(Task statement): Your answer must be a word-for-word copy of the listing, with all pictures excluded.

(Given data):

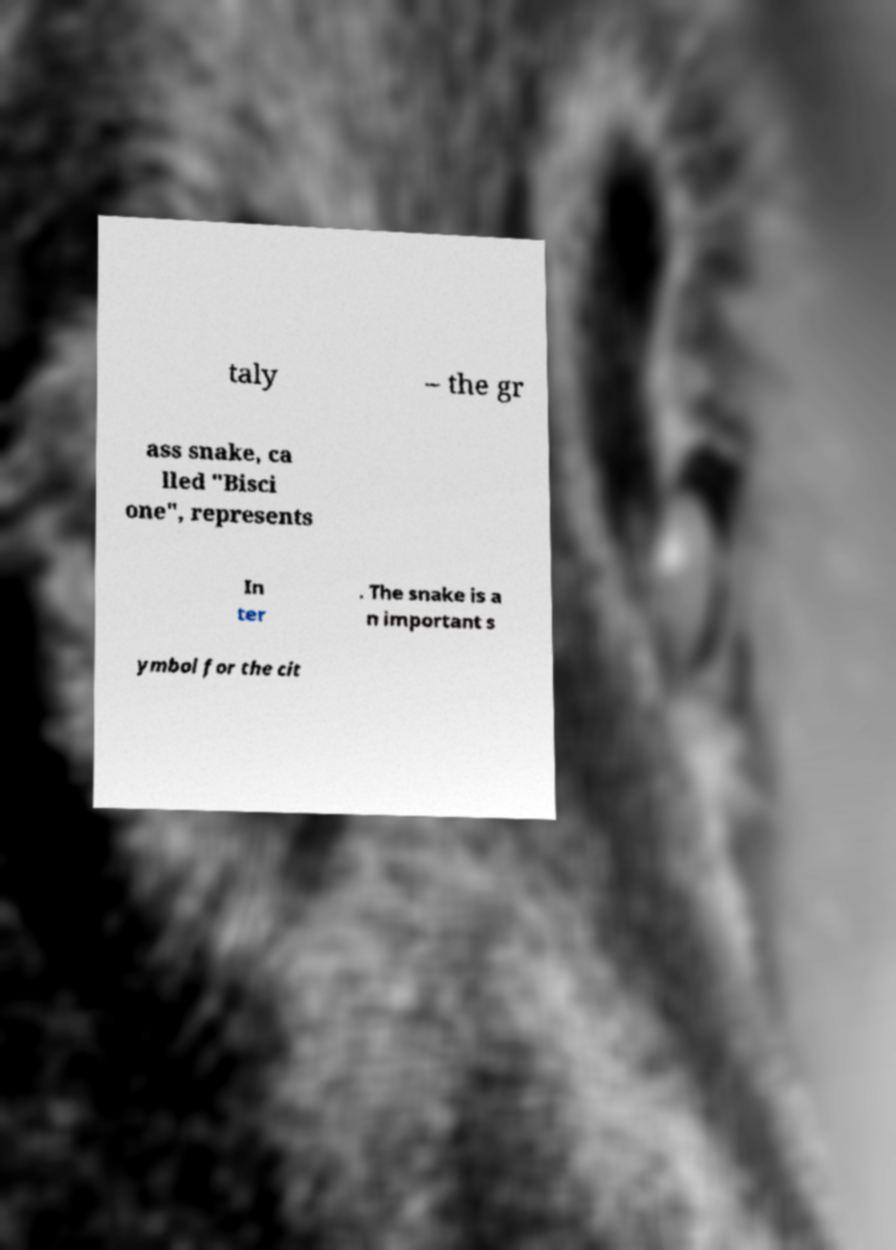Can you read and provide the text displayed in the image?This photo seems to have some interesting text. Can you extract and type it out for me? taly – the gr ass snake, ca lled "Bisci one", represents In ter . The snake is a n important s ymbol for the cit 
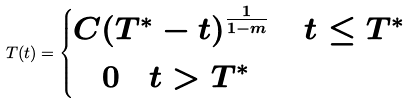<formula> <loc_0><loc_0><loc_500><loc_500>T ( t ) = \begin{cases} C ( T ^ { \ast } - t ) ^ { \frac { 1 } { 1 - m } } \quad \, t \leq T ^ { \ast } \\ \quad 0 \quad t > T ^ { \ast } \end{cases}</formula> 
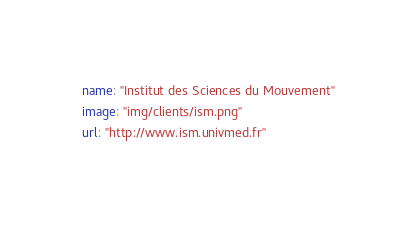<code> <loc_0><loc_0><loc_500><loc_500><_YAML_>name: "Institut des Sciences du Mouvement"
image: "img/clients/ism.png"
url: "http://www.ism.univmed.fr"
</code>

(Exercise response):
Can you read and provide the text displayed in the image?This photo seems to have some interesting text. Can you extract and type it out for me? taly – the gr ass snake, ca lled "Bisci one", represents In ter . The snake is a n important s ymbol for the cit 
<formula> <loc_0><loc_0><loc_500><loc_500>T ( t ) = \begin{cases} C ( T ^ { \ast } - t ) ^ { \frac { 1 } { 1 - m } } \quad \, t \leq T ^ { \ast } \\ \quad 0 \quad t > T ^ { \ast } \end{cases}</formula> 
<code> <loc_0><loc_0><loc_500><loc_500><_YAML_>name: "Institut des Sciences du Mouvement"
image: "img/clients/ism.png"
url: "http://www.ism.univmed.fr"
</code>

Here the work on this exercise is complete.